Parla, Eskişehir Osmangazi Üniversitesi (ESOGÜ) Diplomasi ve Model Birleşmiş Milletler Kulübü tarafından Gençlik Haftası kapsamında düzenlenen "Sürdürülebilir Kalkınma Hedefleri" konulu konferansta, BM Binyıl Kalkınma Hedefleri'nin 2000 yılında 187 ülke tarafından oy birliğiyle kabul edildiğini söyledi.

Binyıl Kalkınma Hedefleri'nin "yoksulluk ve çocuk ölümlerinin azaltılması" gündemiyle gelişmekte olan ülkeleri hedeflediğini, tüm ülkeleri kapsayan "Sürdürülebilir Kalkınma Hedefleri"ne de ihtiyaç duyulduğunu ifade eden Parla, bu hedeflerin oluşturulmasına sadece devletlerin değil üniversiteler ve sivil toplumun da katkı sunduğunu kaydetti.

Bu projeyle önemli ilerlemeler kaydedildiğini anlatan Parla, şöyle devam etti:

"Çocuk ölümleri ve yoksulluk azaltıldı ama yapmamız gereken çok şey var. Binyıl Kalkınma Hedefleri aslında daha ziyade gelişmekte olan ülkeleri hedeflemişti. Dünya liderleri 2015 yılında Sürdürülebilir Kalkınma Hedefleri'ni benimsedi. Bunun Binyıl Kalkınma Hedefleri'nden bir farkı var, o da tüm ülkeleri kapsıyor olması. Sadece gelişmekte olan ülkeleri değil gelişmiş ülkeleri de kapsıyor olması ve tüm ülkelerin topluca bu hedeflere ulaşmasının amaçlanması. İkisinin arasındaki önemli farklardan biri bu. En önemli unsur ise açlığın ve yoksulluğun yarı yarıya belli bir oranda azaltılması değil tamamen ortadan kaldırılması. Bunun yanı sıra eşitsizliğin tamamen ortadan kaldırılması. Böylece herkes için daha iyi bir dünya yaratılmasına katkı sağlanması."

"Sürdürülebilir kalkınma"nın yarının kaynaklarını tüketmeden bugünün kalkınmasını sağlamak anlamına geldiğini belirten Parla, "Kalkınmayı sağlarken, ekonomik paylaşımın düzgün olması, çevrenin korunması gerekiyor. Bunlar bir arada oldukları sürece sürdürülebilir kalkınma hedeflerine ulaşılıyor. Hedeflerin en önemli yanlarından biri de yenilikçilik. Fikirler ortaya atabilmek, yeni tasarımlarda bulunabilmek." şeklinde konuştu.

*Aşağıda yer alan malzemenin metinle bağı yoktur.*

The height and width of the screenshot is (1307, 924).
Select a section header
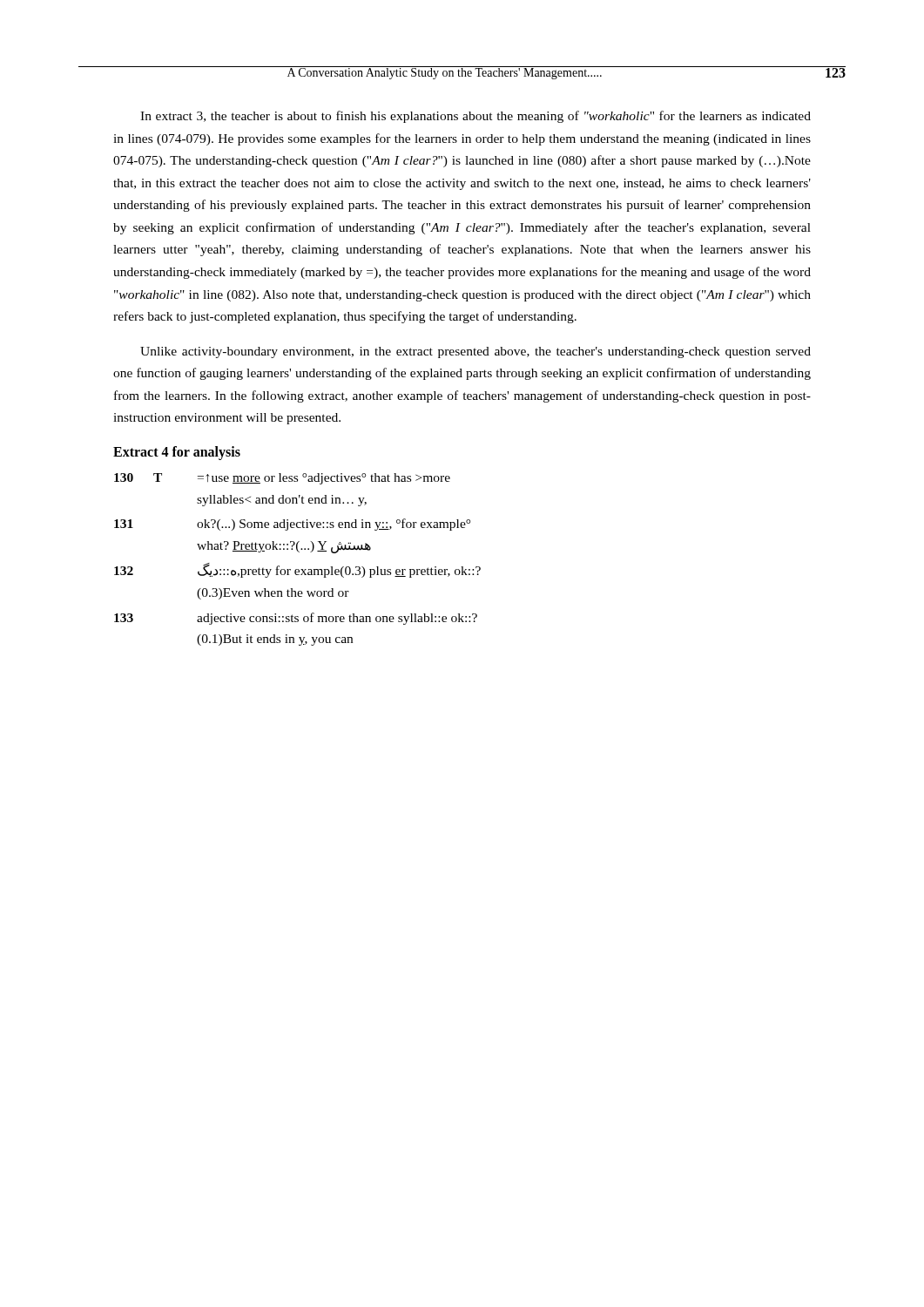pyautogui.click(x=177, y=452)
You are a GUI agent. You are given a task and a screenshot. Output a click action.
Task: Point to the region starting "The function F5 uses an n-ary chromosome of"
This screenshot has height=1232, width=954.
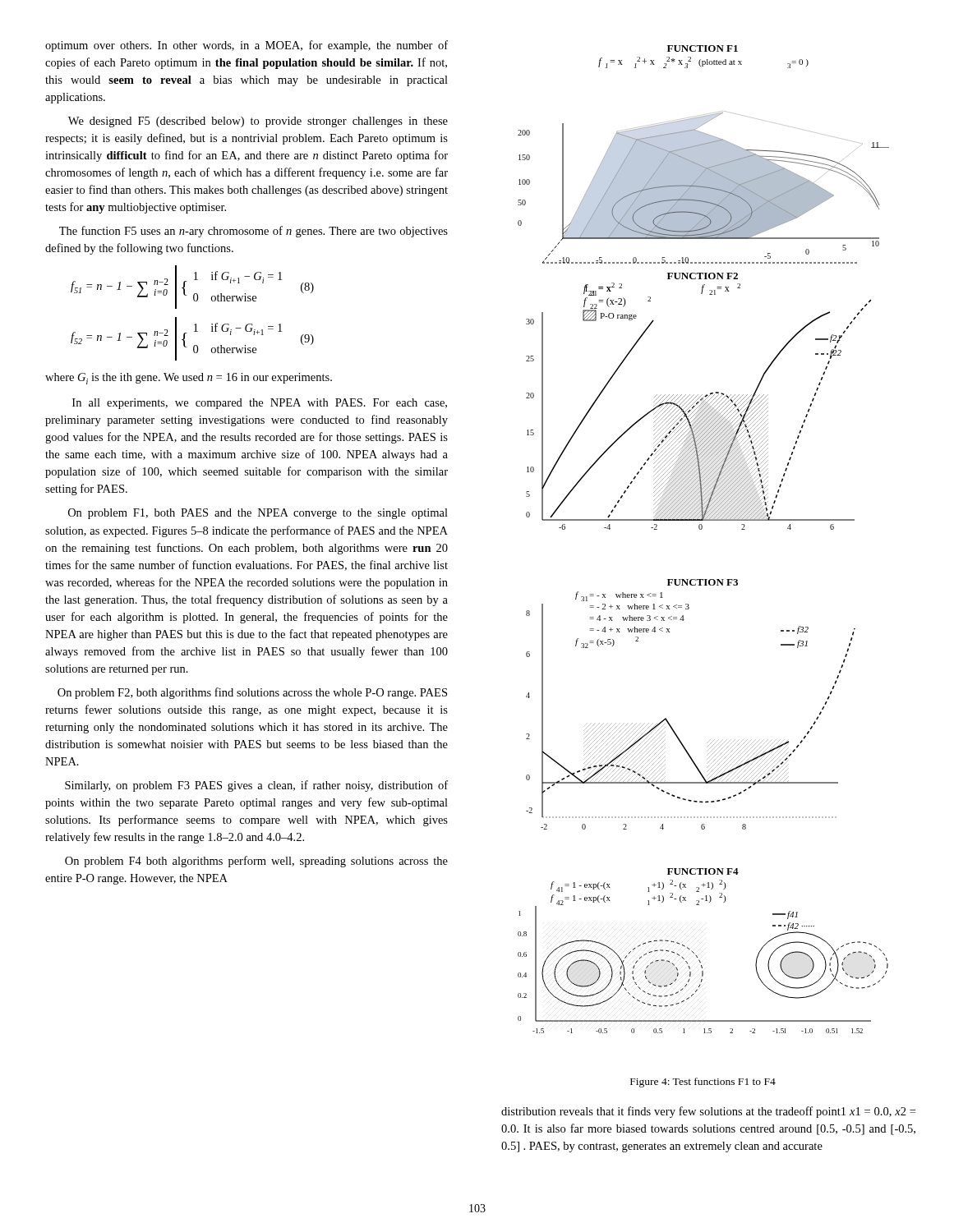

Parla, bunun önemini vurgulamak amacıyla 17 Mayıs'ta BM Genel Merkezi'nde üst düzey toplantı düzenlendiğini kaydetti.

- "Kutuplaşmadan birlikte çalışmalıyız"

Rektör Prof. Dr. Hasan Gönen de özellikle kurumsal şirketlerin eleman istihdamlarında, adayların mesleki bilgi ve tecrübesinin yanında entelektüel birikimi, topluma katkı sağlayan sosyal sorumluluk çalışmaları, üye olunan dernekler gibi kişisel gayretlere son derece önem verdiklerini söyledi.

Gelecek nesillere güçlü bir Türkiye ve yaşanabilir bir dünya bırakmanın ortak anahtarının kutuplaşmadan, beraber çalışma olduğunu ifade eden Gönen, "1 milyar 900 milyon kişi aşırı açlık seviyesindeyken BM Binyıl Kalkınma Hedefleri ile elde edilen başarı sonucunda bu sayı dünya genelinde yaklaşık 900 milyona geriledi. Bu sevindirici bir gelişmedir." dedi.

ESOGÜ Diplomasi ve Model Birleşmiş Milletler Kulübü Başkanı Aybüke Çalışkan da BM'nin 193 üye ülkeyle kuruluş amacındaki hedefler için çalışmalarını sürdürdüğünü belirterek, "Yaşadığımız dünya muhteşem değildir ve bunun düzeltilmesi gereklidir. Ve bu düzenlemeyi yapmak için en az bir kişi gereklidir. Herkes kendisi için bu düzenlemeyi yaparsa çözüme ulaşmak çok kolay olacaktır. Hangi ülkeden, hangi bölgeden olunduğuna bakılmaksızın hatırlamamız gereklidir ki bizler bu dünyanın vatandaşıyız ve dünyayı korumamız gerektiğinin farkında olmalıyız." diye konuştu.